Cerebral perfusion pressure is calculated by the formula CPP = MAP − ICP, where MAP is mean arterial pressure. Therefore, as intracranial pressure rises to malignant levels, CPP falls. This is problematic in the treatment of elevated ICP, because attempts to continue perfusing the brain (elevating CPP) can occur only by elevating blood pressure (MAP). Increasing blood pressure with already elevated ICP leads to loss of the brain’s normal autoregulatory mechanisms, which eventually results in even higher ICP. Much debate exists over whether to focus treatment on CPP or ICP. Early studies indicated that greater than a 20-mm Hg elevation in ICP for sustained intervals was associated with poor neurologic outcome. Later studies indicated that CPP less than 60 mm Hg was also associated with worse outcome. Recent preliminary studies, however, have shown that aggressive maintenance of CPP at a level higher than 60 mm Hg, even with prolonged ICP higher than 50 mm Hg for more than 48 hours, may still lead to a good neurologic outcome. Further randomized trials need to be performed before definitive recommendations can be made.
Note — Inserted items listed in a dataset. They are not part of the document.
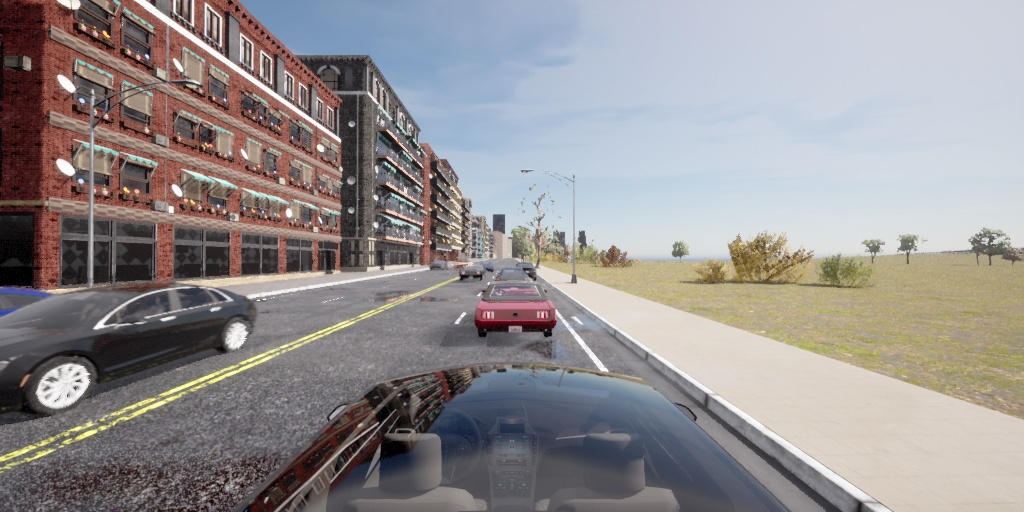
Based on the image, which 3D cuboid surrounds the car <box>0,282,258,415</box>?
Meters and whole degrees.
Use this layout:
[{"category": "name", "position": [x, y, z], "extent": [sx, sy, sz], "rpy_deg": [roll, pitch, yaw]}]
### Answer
[{"category": "car", "position": [-6.614, 1.255, 6.043], "extent": [1.837, 1.490, 4.892], "rpy_deg": [0, 0, 0]}]

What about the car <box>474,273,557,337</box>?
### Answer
[{"category": "car", "position": [0.074, 1.352, 10.246], "extent": [1.895, 1.301, 4.718], "rpy_deg": [0, 0, 0]}]

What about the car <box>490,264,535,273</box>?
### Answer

Unfortunately, there are no level I studies indicating an optimal CPP threshold or ICP limit on which to base CPP-guided therapy.
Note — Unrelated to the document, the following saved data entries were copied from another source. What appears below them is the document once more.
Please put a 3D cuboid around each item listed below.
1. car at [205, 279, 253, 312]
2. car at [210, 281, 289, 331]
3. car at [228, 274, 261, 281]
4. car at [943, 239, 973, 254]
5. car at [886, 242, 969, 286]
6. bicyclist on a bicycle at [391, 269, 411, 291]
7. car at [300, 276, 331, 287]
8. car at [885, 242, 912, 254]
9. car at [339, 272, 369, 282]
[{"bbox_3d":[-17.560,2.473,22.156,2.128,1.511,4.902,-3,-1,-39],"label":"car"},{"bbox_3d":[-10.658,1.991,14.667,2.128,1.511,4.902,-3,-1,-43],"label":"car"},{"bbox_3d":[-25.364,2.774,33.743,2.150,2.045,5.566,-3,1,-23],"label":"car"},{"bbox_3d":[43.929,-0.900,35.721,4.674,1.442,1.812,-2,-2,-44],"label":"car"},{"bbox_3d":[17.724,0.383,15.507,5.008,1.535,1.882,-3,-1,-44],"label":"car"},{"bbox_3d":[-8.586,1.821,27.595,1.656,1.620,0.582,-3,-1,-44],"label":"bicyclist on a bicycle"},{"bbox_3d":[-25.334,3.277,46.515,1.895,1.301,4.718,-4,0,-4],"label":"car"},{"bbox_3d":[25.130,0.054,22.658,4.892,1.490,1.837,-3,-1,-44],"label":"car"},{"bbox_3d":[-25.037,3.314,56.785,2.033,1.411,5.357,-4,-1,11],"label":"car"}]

The initial steps in controlling elevated ICP include medical therapies such as raising the head of the bed, maintaining the patient’s head straight, hyperventilation, and hyperosmolar therapy. Hyperventilation is a quick and easy way to lower ICP in theory, for lowering Pco2 will decrease cerebral blood flow and reverse brain parenchymal and CSF acidosis. However, hyperventilation is not without consequence. Disadvantages include induced vasoconstriction to a point where ischemia develops. The alkalization of cerebrospinal fluid is also very short-lived with hyperventilation. In a direct comparison of hyperventilation and no hyperventilation in patients with severe head injury, some studies have shown a statistically significant worse outcome in the hyperventilation group, mainly because of ischemia induced by the prolonged therapy. However, temporary hyperventilation is still a useful tool to lower ICP until other measures can be instituted.
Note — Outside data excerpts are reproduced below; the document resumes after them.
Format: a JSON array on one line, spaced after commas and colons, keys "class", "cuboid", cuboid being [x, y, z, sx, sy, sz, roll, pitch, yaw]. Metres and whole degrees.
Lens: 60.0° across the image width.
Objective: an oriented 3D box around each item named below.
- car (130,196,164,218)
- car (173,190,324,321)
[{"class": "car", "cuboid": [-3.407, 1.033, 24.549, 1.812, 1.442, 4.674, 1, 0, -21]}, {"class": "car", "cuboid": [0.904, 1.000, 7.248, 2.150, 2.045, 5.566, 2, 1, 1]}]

The usual hyperosmolar agents used in the setting of traumatic brain injury are mannitol and hypertonic saline. Mannitol has three postulated effects: (1) plasma expansion, which improves cerebral rheology; (2) antioxidant effect, which improves the cerebral reaction to ischemia; and (3) osmotic diuresis, which lowers MAP and then ICP in a slightly delayed fashion. This third mechanism, however, could be detrimental if diuresis decreases MAP to a point of reduced CPP. Regardless, a level III randomized controlled trial has shown improved outcome with mannitol therapy. Hypertonic saline, in contrast, reduces ICP while preserving or improving CPP. Although it is questioned whether the reduction in ICP by hypertonic saline is greater than that by mannitol, few studies have directly compared the two, and they are rarely compared in equimolar doses. Additionally, despite hypertonic saline’s proved effect on control of ICP, no evidence of improved outcome exists. As a result, there is insufficient evidence to support the use of hypertonic saline over mannitol for osmotherapy in adults. Hemicraniectomy has an important role in the treatment of elevated ICP; however, it is rarely used as first-line therapy except in some cases of malignant stroke.